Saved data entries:
[Start of Attachment]

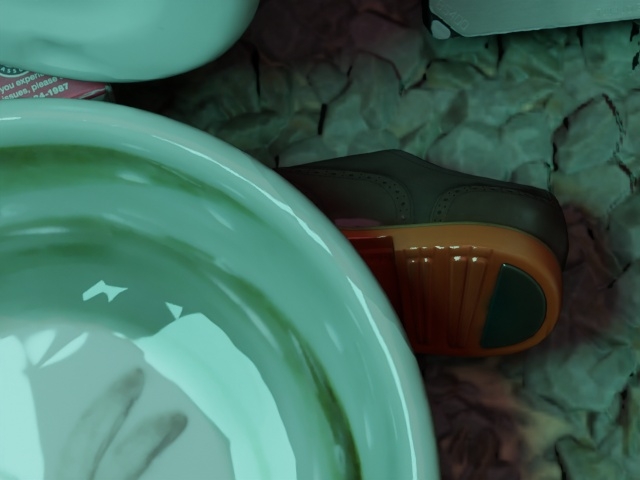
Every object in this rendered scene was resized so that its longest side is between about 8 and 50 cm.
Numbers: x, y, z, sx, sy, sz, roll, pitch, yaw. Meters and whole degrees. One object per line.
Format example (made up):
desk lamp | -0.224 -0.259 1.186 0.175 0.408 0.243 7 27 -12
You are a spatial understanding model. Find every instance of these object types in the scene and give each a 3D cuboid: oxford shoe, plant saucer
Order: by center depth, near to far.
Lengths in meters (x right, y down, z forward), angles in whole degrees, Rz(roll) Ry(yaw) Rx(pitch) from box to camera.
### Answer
plant saucer | -0.139 0.132 0.925 0.400 0.100 0.401 0 81 2
oxford shoe | 0.000 0.000 1.002 0.271 0.097 0.098 8 39 10

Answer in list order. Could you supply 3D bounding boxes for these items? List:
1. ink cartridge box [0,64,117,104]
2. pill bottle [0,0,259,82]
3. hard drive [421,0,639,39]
ink cartridge box | -0.235 -0.136 1.023 0.172 0.100 0.237 -23 75 -8
pill bottle | -0.100 -0.298 0.927 0.224 0.224 0.392 11 66 4
hard drive | 0.158 -0.289 0.996 0.236 0.064 0.339 -5 108 -1
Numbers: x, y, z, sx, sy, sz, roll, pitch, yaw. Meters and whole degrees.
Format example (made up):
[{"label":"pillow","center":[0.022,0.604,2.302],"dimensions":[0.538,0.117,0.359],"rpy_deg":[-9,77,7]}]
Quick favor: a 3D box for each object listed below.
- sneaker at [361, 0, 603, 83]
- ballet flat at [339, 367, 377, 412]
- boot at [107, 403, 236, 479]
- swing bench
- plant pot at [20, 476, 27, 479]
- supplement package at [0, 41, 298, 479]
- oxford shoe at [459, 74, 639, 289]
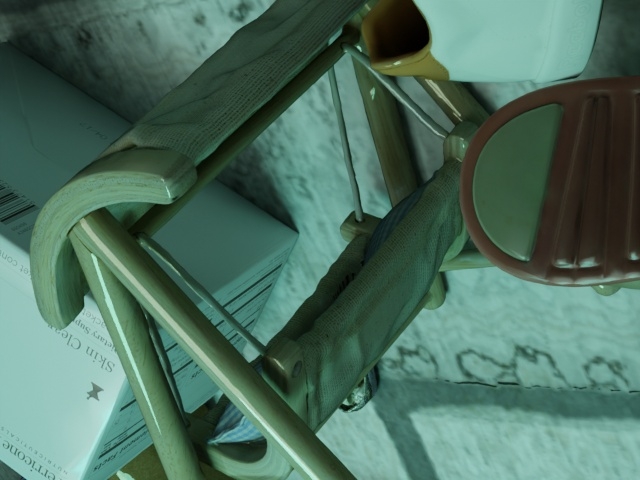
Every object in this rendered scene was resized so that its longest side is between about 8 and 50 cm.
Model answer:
[{"label":"sneaker","center":[0.059,-0.164,0.585],"dimensions":[0.123,0.106,0.290],"rpy_deg":[-6,141,-4]},{"label":"ballet flat","center":[0.016,0.076,1.014],"dimensions":[0.041,0.041,0.114],"rpy_deg":[16,135,31]},{"label":"boot","center":[-0.137,0.119,1.147],"dimensions":[0.305,0.112,0.115],"rpy_deg":[51,131,-6]},{"label":"swing bench","center":[0.000,0.000,0.780],"dimensions":[0.165,0.253,0.254],"rpy_deg":[-8,119,46]},{"label":"plant pot","center":[-0.207,0.331,1.266],"dimensions":[0.212,0.236,0.236],"rpy_deg":[38,165,18]},{"label":"supplement package","center":[-0.189,0.012,0.971],"dimensions":[0.262,0.204,0.145],"rpy_deg":[33,119,13]},{"label":"oxford shoe","center":[0.247,-0.029,0.675],"dimensions":[0.348,0.130,0.123],"rpy_deg":[4,88,25]}]
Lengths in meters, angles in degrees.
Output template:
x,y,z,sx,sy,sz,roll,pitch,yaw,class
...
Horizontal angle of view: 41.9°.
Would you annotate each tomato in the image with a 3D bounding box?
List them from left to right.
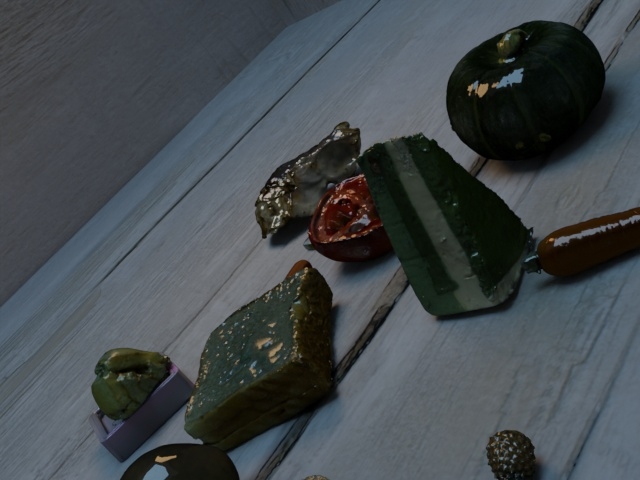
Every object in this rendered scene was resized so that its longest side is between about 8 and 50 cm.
x,y,z,sx,sy,sz,roll,pitch,yaw,class
0.090,-0.034,1.622,0.228,0.101,0.228,-24,31,15,tomato

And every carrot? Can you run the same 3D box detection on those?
x,y,z,sx,sy,sz,roll,pitch,yaw,class
0.431,-0.017,1.133,0.336,0.069,0.069,-21,27,22,carrot

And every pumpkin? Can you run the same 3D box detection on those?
x,y,z,sx,sy,sz,roll,pitch,yaw,class
0.370,-0.281,1.535,0.300,0.207,0.300,-23,30,14,pumpkin

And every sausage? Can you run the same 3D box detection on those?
x,y,z,sx,sy,sz,roll,pitch,yaw,class
-0.058,0.092,1.661,0.039,0.041,0.131,-10,34,40,sausage

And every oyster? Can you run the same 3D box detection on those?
x,y,z,sx,sy,sz,roll,pitch,yaw,class
-0.026,-0.137,1.952,0.337,0.133,0.197,-40,29,5,oyster

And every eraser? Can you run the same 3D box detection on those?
x,y,z,sx,sy,sz,roll,pitch,yaw,class
0.000,0.000,1.784,0.083,0.019,0.038,-6,39,53,eraser

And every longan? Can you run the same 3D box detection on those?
x,y,z,sx,sy,sz,roll,pitch,yaw,class
-0.206,0.370,1.198,0.187,0.167,0.167,-19,19,-12,longan

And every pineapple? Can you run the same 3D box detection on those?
x,y,z,sx,sy,sz,roll,pitch,yaw,class
0.207,0.268,0.909,0.058,0.058,0.124,-24,30,29,pineapple

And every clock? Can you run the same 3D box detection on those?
x,y,z,sx,sy,sz,roll,pitch,yaw,class
-0.348,0.318,1.626,0.197,0.063,0.150,-43,23,-13,clock

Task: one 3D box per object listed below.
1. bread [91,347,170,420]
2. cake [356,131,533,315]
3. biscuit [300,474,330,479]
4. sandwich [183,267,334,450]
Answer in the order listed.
x,y,z,sx,sy,sz,roll,pitch,yaw,class
-0.368,0.246,1.574,0.103,0.110,0.156,-23,25,43,bread
0.171,-0.012,1.238,0.158,0.284,0.172,-18,46,40,cake
-0.029,0.364,1.119,0.120,0.015,0.120,-32,22,14,biscuit
-0.102,0.202,1.440,0.271,0.099,0.301,-30,24,17,sandwich
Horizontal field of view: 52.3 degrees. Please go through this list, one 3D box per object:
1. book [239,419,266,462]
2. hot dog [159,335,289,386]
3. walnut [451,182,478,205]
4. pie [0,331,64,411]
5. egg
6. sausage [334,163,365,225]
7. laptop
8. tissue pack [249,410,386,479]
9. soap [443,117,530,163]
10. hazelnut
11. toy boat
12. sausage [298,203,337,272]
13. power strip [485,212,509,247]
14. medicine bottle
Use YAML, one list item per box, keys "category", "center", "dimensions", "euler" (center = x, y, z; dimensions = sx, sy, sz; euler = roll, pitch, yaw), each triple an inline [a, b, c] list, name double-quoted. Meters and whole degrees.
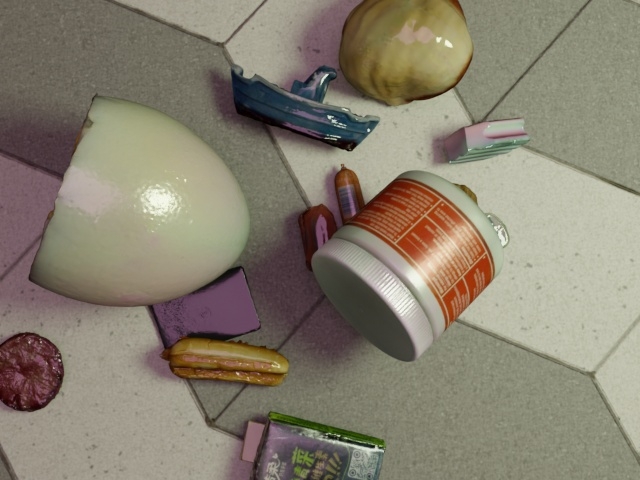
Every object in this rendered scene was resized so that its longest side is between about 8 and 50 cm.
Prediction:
- category: "book"
  center: [-0.095, 0.399, 1.267]
  dimensions: [0.110, 0.014, 0.077]
  euler: [13, 84, -1]
- category: "hot dog"
  center: [-0.182, 0.224, 1.243]
  dimensions: [0.249, 0.102, 0.076]
  euler: [6, 53, -4]
- category: "walnut"
  center: [0.255, -0.057, 1.262]
  dimensions: [0.105, 0.105, 0.124]
  euler: [27, 43, 1]
- category: "pie"
  center: [-0.567, 0.254, 1.259]
  dimensions: [0.154, 0.036, 0.155]
  euler: [0, 85, -1]
- category: "egg"
  center: [-0.292, -0.041, 1.152]
  dimensions: [0.339, 0.354, 0.355]
  euler: [20, 85, -21]
- category: "sausage"
  center: [0.082, 0.017, 1.283]
  dimensions: [0.053, 0.053, 0.348]
  euler: [-13, 85, -2]
- category: "laptop"
  center: [-0.227, 0.141, 1.288]
  dimensions: [0.197, 0.016, 0.135]
  euler: [-17, 87, -1]
- category: "tissue pack"
  center: [-0.008, 0.435, 1.226]
  dimensions: [0.235, 0.073, 0.174]
  euler: [15, 84, -6]
- category: "soap"
  center: [0.320, -0.194, 1.281]
  dimensions: [0.149, 0.100, 0.056]
  euler: [-11, 79, -27]
- category: "hazelnut"
  center: [0.160, -0.369, 1.246]
  dimensions: [0.261, 0.241, 0.261]
  euler: [2, 51, -3]
- category: "toy boat"
  center: [-0.032, -0.276, 1.268]
  dimensions: [0.309, 0.129, 0.143]
  euler: [20, 96, 2]
- category: "sausage"
  center: [0.000, 0.000, 1.275]
  dimensions: [0.076, 0.076, 0.141]
  euler: [-12, 84, -2]
- category: "power strip"
  center: [0.274, 0.024, 1.297]
  dimensions: [0.226, 0.029, 0.080]
  euler: [-31, 87, -3]
- category: "medicine bottle"
  center: [0.151, 0.041, 1.138]
  dimensions: [0.241, 0.252, 0.252]
  euler: [-41, 87, -19]
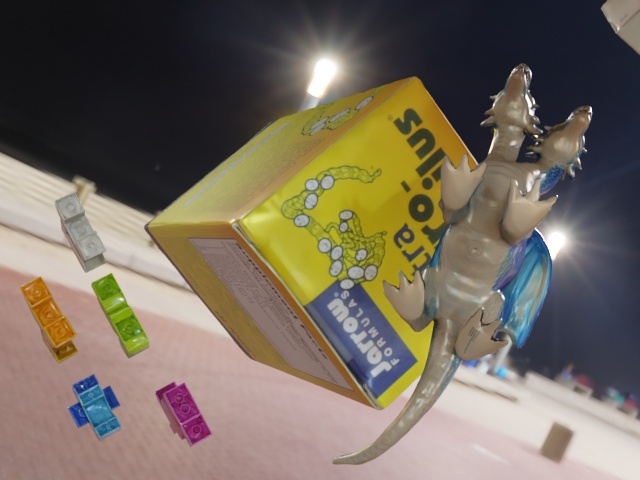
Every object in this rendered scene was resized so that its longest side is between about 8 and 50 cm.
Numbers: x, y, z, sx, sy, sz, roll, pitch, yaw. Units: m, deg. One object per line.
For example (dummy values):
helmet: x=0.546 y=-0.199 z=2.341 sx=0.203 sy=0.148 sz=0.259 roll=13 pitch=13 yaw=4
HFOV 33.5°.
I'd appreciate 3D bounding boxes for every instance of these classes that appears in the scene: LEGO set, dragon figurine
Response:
LEGO set: x=-0.186 y=0.087 z=0.881 sx=0.227 sy=0.087 sz=0.093 roll=60 pitch=-19 yaw=9
dragon figurine: x=0.105 y=0.022 z=0.707 sx=0.085 sy=0.289 sz=0.144 roll=20 pitch=5 yaw=19

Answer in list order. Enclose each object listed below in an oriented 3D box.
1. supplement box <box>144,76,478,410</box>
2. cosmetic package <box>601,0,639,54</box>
supplement box: x=0.000 y=0.000 z=0.989 sx=0.194 sy=0.195 sz=0.356 roll=53 pitch=-16 yaw=-13
cosmetic package: x=0.217 y=-0.103 z=0.602 sx=0.115 sy=0.041 sz=0.060 roll=37 pitch=24 yaw=-14

[End of Attachment]

YOUR GOAL: Copy the records above exactly, beginning at the line that contains "3. biscuit [300,474,330,479]" and stopping after the line that contains "3. walnut [451,182,478,205]".

RESULT FOR THIS TASK:
3. biscuit [300,474,330,479]
4. sandwich [183,267,334,450]
Answer in the order listed.
x,y,z,sx,sy,sz,roll,pitch,yaw,class
-0.368,0.246,1.574,0.103,0.110,0.156,-23,25,43,bread
0.171,-0.012,1.238,0.158,0.284,0.172,-18,46,40,cake
-0.029,0.364,1.119,0.120,0.015,0.120,-32,22,14,biscuit
-0.102,0.202,1.440,0.271,0.099,0.301,-30,24,17,sandwich
Horizontal field of view: 52.3 degrees. Please go through this list, one 3D box per object:
1. book [239,419,266,462]
2. hot dog [159,335,289,386]
3. walnut [451,182,478,205]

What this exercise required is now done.